Kolumdan tutup adeta sürükleyerek salona çıkardı beni. Odanın kapısını kapattı ve bana döndü. Kısılmış, ateş saçan gözlerle… Zorlukla yutkunup başımı kaldırdım.
“soruma cevap bekliyorum!” dedi vurgulu bir şekilde.
“sanane… senin odanda değildim hem… bırak da sorunun cevabıyla odanın sahibi ilgilensin!”
“bana baak! Şeceren gitgide kabarıyor. Donghae hyung dedi diye sana sonsuza kadar katlanmayız. Ayrıca düşündüm de, kardeş olduğunuza pek de inanasım gelmiyor artık…”
Şaşkınlıkla ağzım açık kaldı. “se.. sen kendini ne zannediyorsun! Ben… ben mi istedim buraya gelmeyi! BEN Mİ KENDİMİ ZORLA EVİNİZE GETİRTDİM YANİ!”
Gecenin köründe deli gibi bağırmam pek de iyi olmamıştı ama umurumda değildi. Susamıyordum. “LANET OLSUN SİZE GERİZEKALILAR TOPLULUĞU! SANKİ BEN YALVARDIM BENİ AİLEMDEN AYIRIN DA BURADA B.K GİBİ Bİ HAYAT YAŞATIN DİYE! NE ZANNEDİYORSUN BENİ SEN? NE? AJAN MI? MUHBİR Mİ? NEEE!”
“Mi..Mine… sakin ol… ben öyle demed-“
“ne demedin! NE DEMEDİN! SAKİN FALAN DA OLAMAM!! SEN… SEN GERÇEKTEN…!”
Kendimi kaybetmiş gibi bağırırken arkamdan bana sarılan kişiyi fark etmem zamanımı almıştı. Ne zaman ışıklar yanmıştı, ne zaman hepsi odaya toplanmıştı ve ben ne zaman ağlamaya başlamıştım… Hiçbirini fark etmemiştim.
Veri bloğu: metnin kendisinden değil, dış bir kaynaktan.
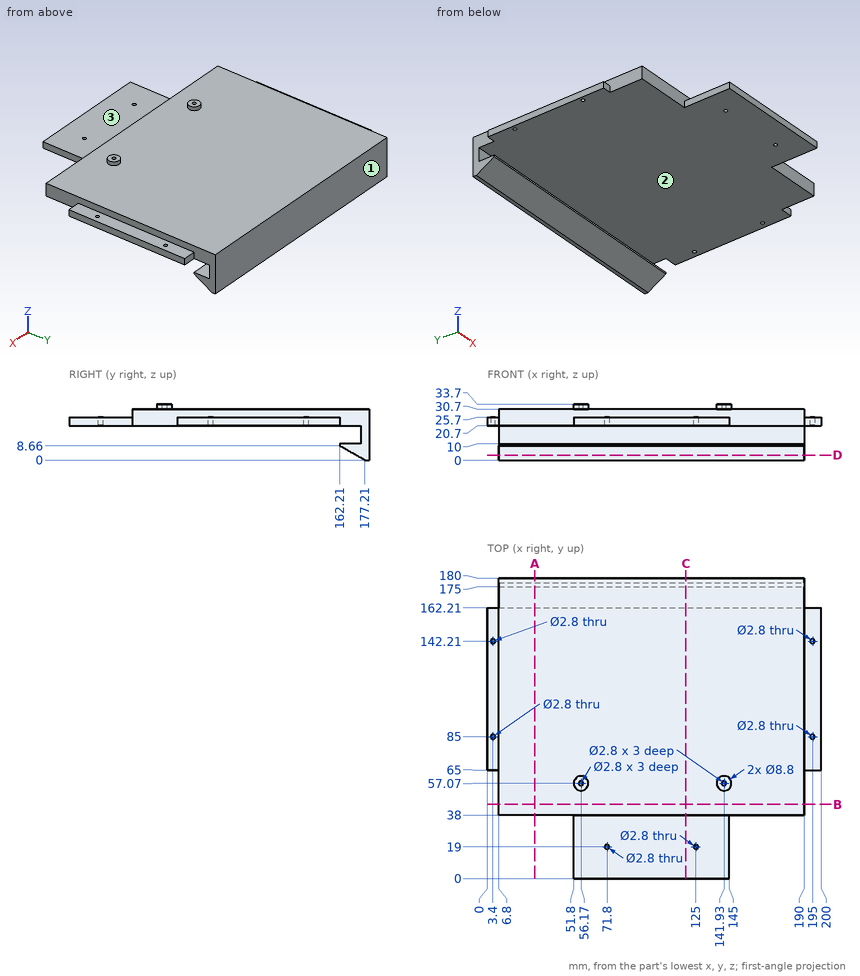
The figure shows three views and two pictorial views of one solid part (mm, origin at its lowest corner). Answer the questions. A direction names the side the tool comes from. Coordinates: 2 decimals unless noted, no trailing zeros. Loops run counter-clockwise (first coordinate to the right, second up) from the corner with the lowest first, then second, coordinate; pieces in that order, holes last.
(1) The part is cut by section C-C (x = 119). Determine the outline of the cut face in (y, z), and give its area (3 significant figures).
Solution:
outline: (0, 20.7) - (175, 20.7) - (175, 10) - (162.21, 10) - (162.21, 8.66) - (177.21, 0) - (180, 0) - (180, 30.7) - (38, 30.7) - (38, 25.7) - (0, 25.7) - close
area: 1,780 mm2
(2) Consider line 1 along Y through (x, z) = (3.4, 23.6); line 2 along X through (y, z) = (85, 24.35); line 3 along Z through (x, y) = (117, 99.5). Determine where each line is inside the solid, lowest interval first.
Solution:
line 1: y = 65 to 83.6, 86.4 to 140.81, 143.61 to 162.21
line 2: x = 0 to 2, 4.8 to 193.6, 196.4 to 200
line 3: z = 20.7 to 30.7
(3) The part is cut by section B-B (y = 44.5). Determine the outline of the cut face in (x, z), and give its area (3 significant figures).
Solution:
outline: (6.8, 20.7) - (190, 20.7) - (190, 30.7) - (6.8, 30.7) - close
area: 1,830 mm2
(4) Flat-ended cylindrical pins translate along their axes: pin 1 Ø4 at (x, y) = (140, 101.5) entering from -Z; pin 2 Ø11.5 at (x, y) = (117.5, 26) entering from +Z; pin 3 Ø4 at (x, z) = (193, 23.5) entering from -Y. Find the tip coordinate at first contact, or state that the pin passes through.
Solution:
pin 1: stops at z = 20.7
pin 2: stops at z = 25.7
pin 3: stops at y = 65
(5) A tool of negligible diameter and unlimited length cuts with its end or side. For the marked faces 1, 2 and 3, from which of +Z, -Z, +X, -X, +Y, -Y can it reach the whole face along a straight path? Write none if from no direction.
Solution:
face 1: +Z, -Z, +X, -X, +Y
face 2: +X, -X, -Y
face 3: +Z, +X, -X, -Y
(6) The part is cut by section A-A (x = 28.5). Determine the outline of the cut face in (y, z).
Solution:
outline: (38, 20.7) - (175, 20.7) - (175, 10) - (162.21, 10) - (162.21, 8.66) - (177.21, 0) - (180, 0) - (180, 30.7) - (38, 30.7) - close
(7) The part is cut by section D-D (z = 3). Determine the outline of the cut face in (x, y), and give its area (3 significant figures).
Solution:
outline: (6.8, 172.01) - (190, 172.01) - (190, 180) - (6.8, 180) - close
area: 1,460 mm2
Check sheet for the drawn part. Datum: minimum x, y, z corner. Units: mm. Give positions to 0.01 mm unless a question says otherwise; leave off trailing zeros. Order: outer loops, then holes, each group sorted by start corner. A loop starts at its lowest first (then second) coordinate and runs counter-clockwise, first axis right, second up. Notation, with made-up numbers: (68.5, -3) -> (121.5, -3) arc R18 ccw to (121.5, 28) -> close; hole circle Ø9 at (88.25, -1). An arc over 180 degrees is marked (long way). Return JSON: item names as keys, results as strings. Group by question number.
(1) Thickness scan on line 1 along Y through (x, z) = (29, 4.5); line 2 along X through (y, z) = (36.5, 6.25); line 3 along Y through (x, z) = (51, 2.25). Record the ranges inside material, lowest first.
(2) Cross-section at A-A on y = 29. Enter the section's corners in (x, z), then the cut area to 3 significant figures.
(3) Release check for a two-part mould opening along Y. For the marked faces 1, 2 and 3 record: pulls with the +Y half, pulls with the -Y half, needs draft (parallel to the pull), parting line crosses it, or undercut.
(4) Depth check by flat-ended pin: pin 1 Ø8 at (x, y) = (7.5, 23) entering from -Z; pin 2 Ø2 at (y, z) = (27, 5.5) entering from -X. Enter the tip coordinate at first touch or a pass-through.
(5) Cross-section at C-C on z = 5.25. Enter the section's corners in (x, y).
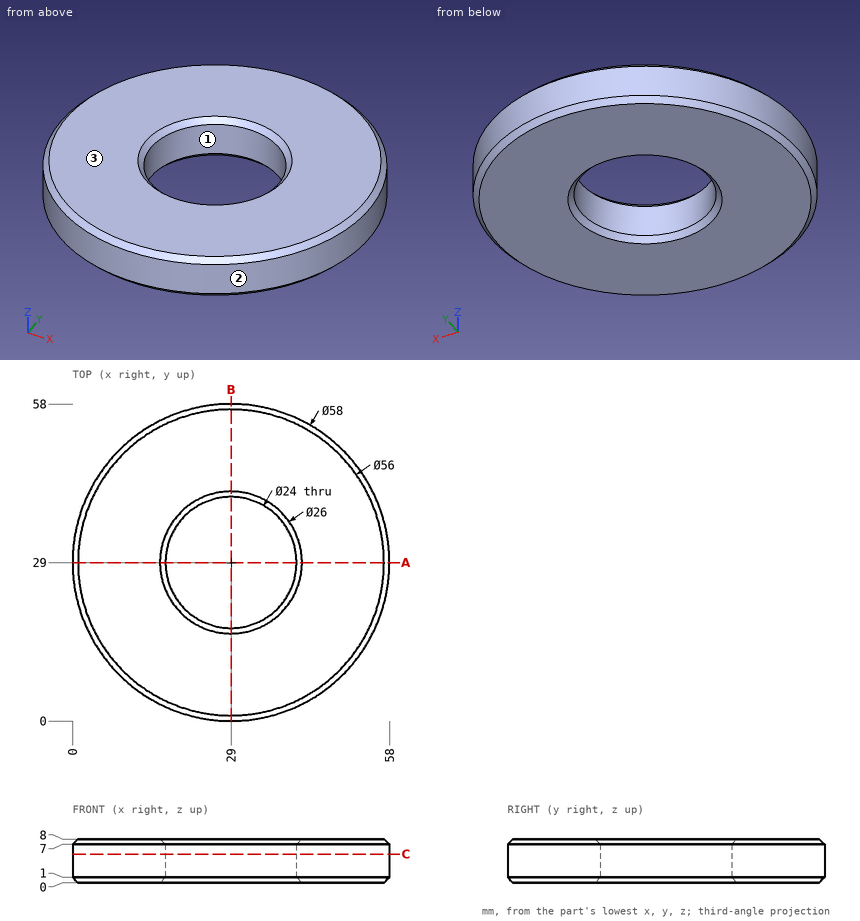
Verdict:
{
 "1": {"line 1": "0 to 17, 41 to 58", "line 2": "0.99 to 19.63, 38.37 to 57.01", "line 3": "10.11 to 47.89"},
 "2": {"outline": "(0, 1) -> (1, 0) -> (16, 0) -> (17, 1) -> (17, 7) -> (16, 8) -> (1, 8) -> (0, 7) -> close; (41, 1) -> (42, 0) -> (57, 0) -> (58, 1) -> (58, 7) -> (57, 8) -> (42, 8) -> (41, 7) -> close", "area": "268 mm²"},
 "3": {"face 1": "undercut", "face 2": "parting line crosses it", "face 3": "needs draft"},
 "4": {"pin 1": "z = 0", "pin 2": "x = 0.02"},
 "5": {"outline": "circle Ø58 at (29, 29); hole circle Ø24 at (29, 29)"}
}

Abimin sakinleştirici ses tonu kulağımın dibindeyken de ağlamaya ve konuşmaya devam ettim. “ben istemedim… eve gitmek istiyorum… burası benim evim değil… ben burada kimsesiz gibiyim… n’olur, beni eve gönder!...”
Sırtımı patpatlarken bir yandan da beni sakinleştirmeye çalışıyordu.
“Mine… senin evin ben’im. Ben nereye sen oraya, anladın mı? Kimsenin ne dediği önemli değil. Senin kim olduğun hiç önemli değil. Ben senin evinim. Sakin ol… sen olmazsan ben de olmam. Seni bulduktan sonra olmaz…”
Ağlamam kesilirken omzumda birinin elini hissettim. Kafamı kaldırdığımda Eunhyuk oppa ve onun arkasında duran Teukkie oppayı gördüm. “sen kimsesiz değilsin, biz de varız” deyip gülümsedi.
Burnumu çekerek gülümsedim ve kafamı göğsüne geri gömdüm. Evim… İnsanın evi dört duvar bir çatı olmak zorunda değil miydi?
Sakinleşince Donghae “hadi, seni odana götürelim…” deyip beni kucağına aldığında çığlık attım. “yaa! Düşücem dur. İndir. Yaa! Bi dakika… bi… bir şey demem lazım. Dur bi!”
Durup yüzüme baktı çatık kaşlarıyla. Kaşlarının arasına parmağıma dokundurup “kaş çatma… Kırışıkların olacak” dedim ama yine de durmadı. Beni odama götürüp, yatağıma bıraktıktan sonra odadan çıkmak için döndüğünde arkasından seslendim. “aa… a… abi… özür dilerim… ve teşekkür ederim…”
Bir şey söylemedi. Ama gülümsediğini gördüğüme emindim.

*****

uyandığımda gözlerimi açamadım. Hayır, uyku düşkünlüğümden değildi bu kez. gerçekten gözlerimi açamıyordum. sanki birisi üzerime 10 tonluk yük bırakmış gibi hissediyordum. kollarımı hareket ettiremediğim gibi parmaklarımı da oynatamıyordum. hasta olacağımı hissetmiştim ve üzerine bir de geceki krizi ekleyince bu hale gelmem tuhaf değildi. Tüm gücümü kullnarak yataktan kalktım ve yerde sürünerek hole çıktığımda önümde bir çift ayak vardı. Kafamı zorlukla kaldırdığımda Eunhyuk Oppa’nın yüzünü gördüm. Şaşkınlıkla ne olduğunu, neden yerde süründüğümü sorduğunda daha fazla dayanamayıp bayıldım.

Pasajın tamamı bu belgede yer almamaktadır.